Aliás, esta ausência de referência ao Ministério Público na definição de investigação criminal, além de constituir uma aberração do ponto de vista do nosso direito interno, maxime constitucional, é contrária à própria Decisão-Quadro que o Governo pretende transpor.
Com efeito, a Decisão-Quadro n.º 2006/960/JAI inclui o Ministério Público na definição de investigação criminal ao dizer, na alínea b) do seu artigo 2.º, que se entende por «Investigação criminal» uma fase processual em cujo âmbito as autoridades de aplicação da lei ou as autoridades judiciárias competentes, incluindo o Ministério Público, tomam medidas com o objectivo de apurar e identificar factos, suspeitos e circunstâncias relacionados com um ou vários actos criminosos concretos e identificados».
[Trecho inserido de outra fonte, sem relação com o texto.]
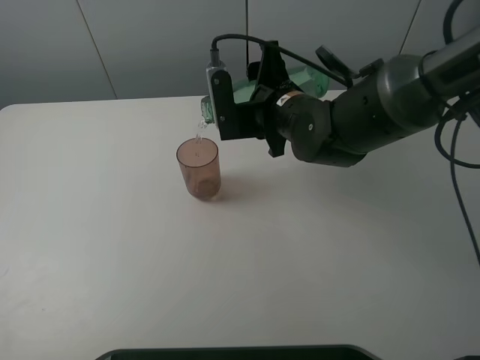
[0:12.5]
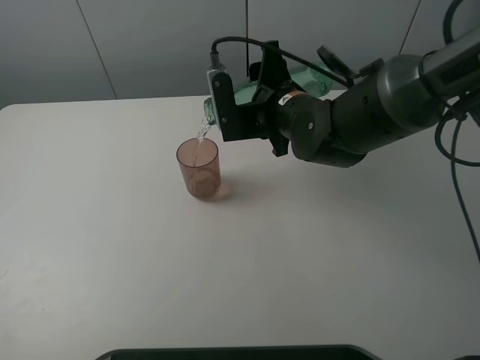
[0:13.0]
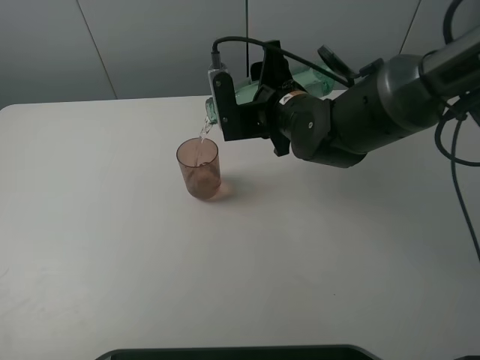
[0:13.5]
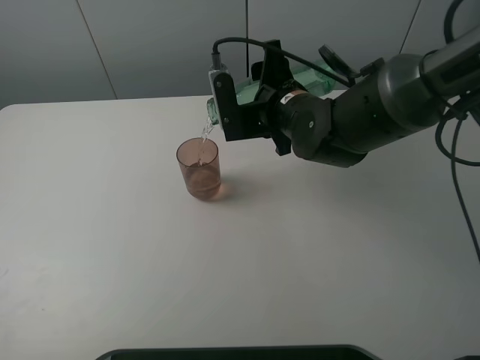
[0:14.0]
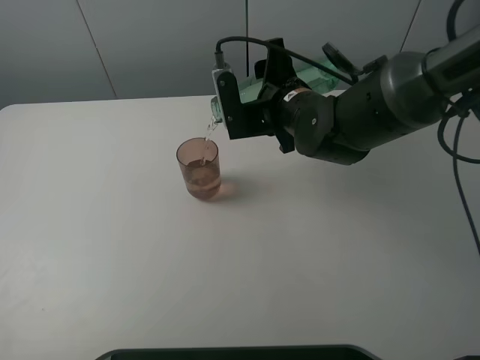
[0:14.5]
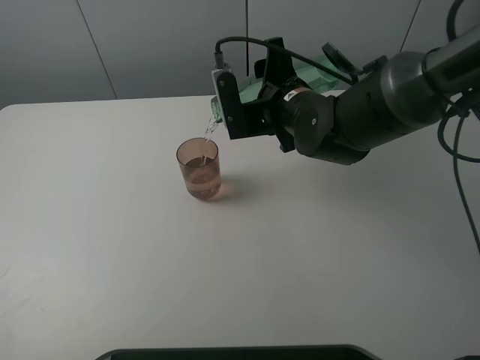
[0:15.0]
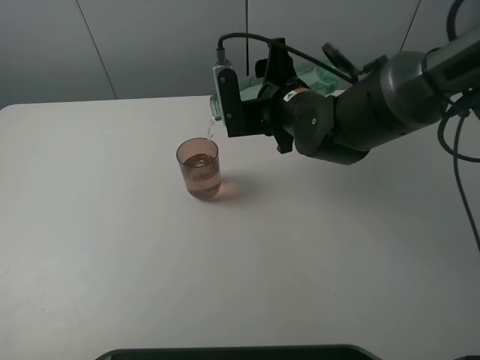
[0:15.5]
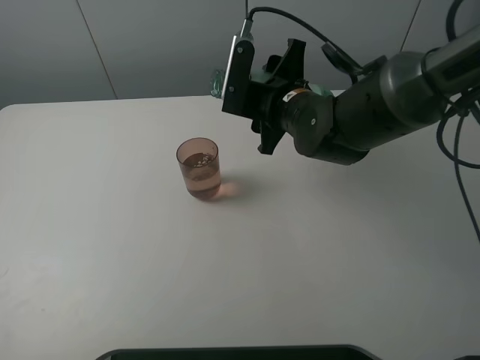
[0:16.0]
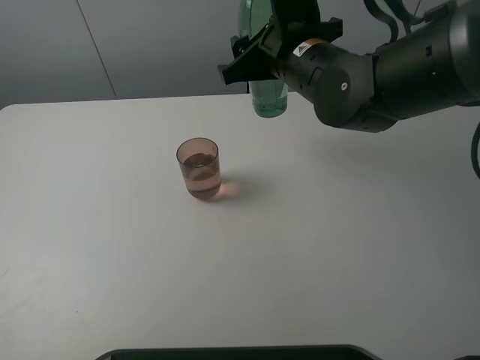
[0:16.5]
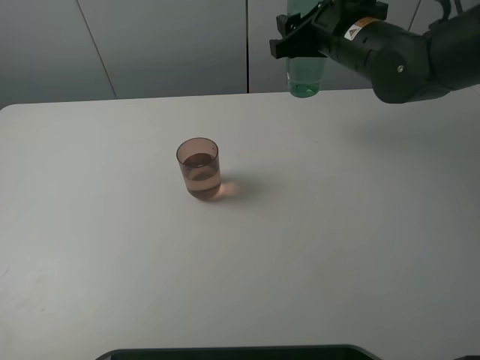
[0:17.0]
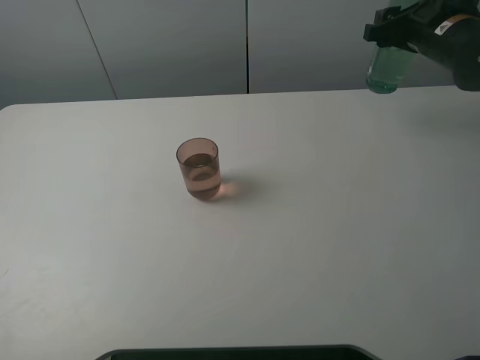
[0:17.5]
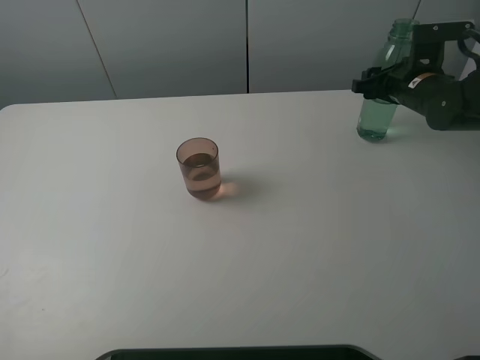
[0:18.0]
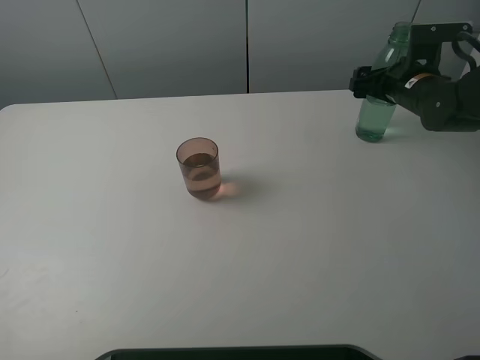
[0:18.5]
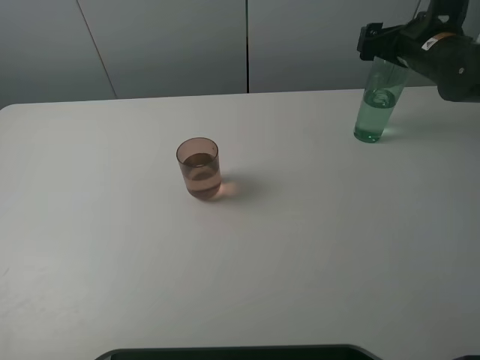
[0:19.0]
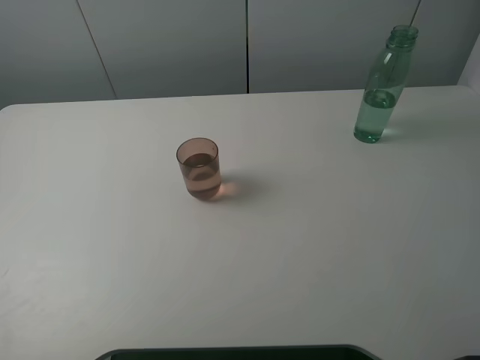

Outro reparo crítico: verifica-se que o Governo insiste em atribuir competências ao Secretário-Geral do Sistema de Segurança Interna em matéria de investigação criminal, o que é potenciador da governamentalização da investigação criminal.
Com efeito, à semelhança do que já fez no artigo 15.º, n.º 2, alínea c), da Lei de Organização da Investigação Criminal17 (LOIC), que atribuiu ao Secretário-Geral do Sistema de Segurança Interna (SGSSI), no âmbito da coordenação dos órgãos de polícia criminal, a competência para «assegurar o funcionamento e o acesso de todos os órgãos de polícia criminal ao sistema integrado de informação criminal» (competência que nos suscitou, e continua a suscitar, a máxima reserva porque possibilita o acesso a um órgão emanado pelo poder político a toda e qualquer informação de natureza criminal — cremos não ser possível, em termos práticos, exercer a referida competência sem que o SGSSI tenha acesso ao conteúdo da dita informação), o Governo confere, nesta proposta de lei, ao SGSSI a competência para «(») garantir ás autoridades a que se aplica a presente lei o acesso aos dados e informações, de acordo com as suas necessidades e competências», sem sequer assegurar, ainda que só formalmente, como sucede na LOIC, que o SGSSI não pode aceder a processos concretos, aos elementos dele constantes ou às informações do sistema integrado de informação criminal (cfr. artigo 1.º, n.º 4, da LOIC).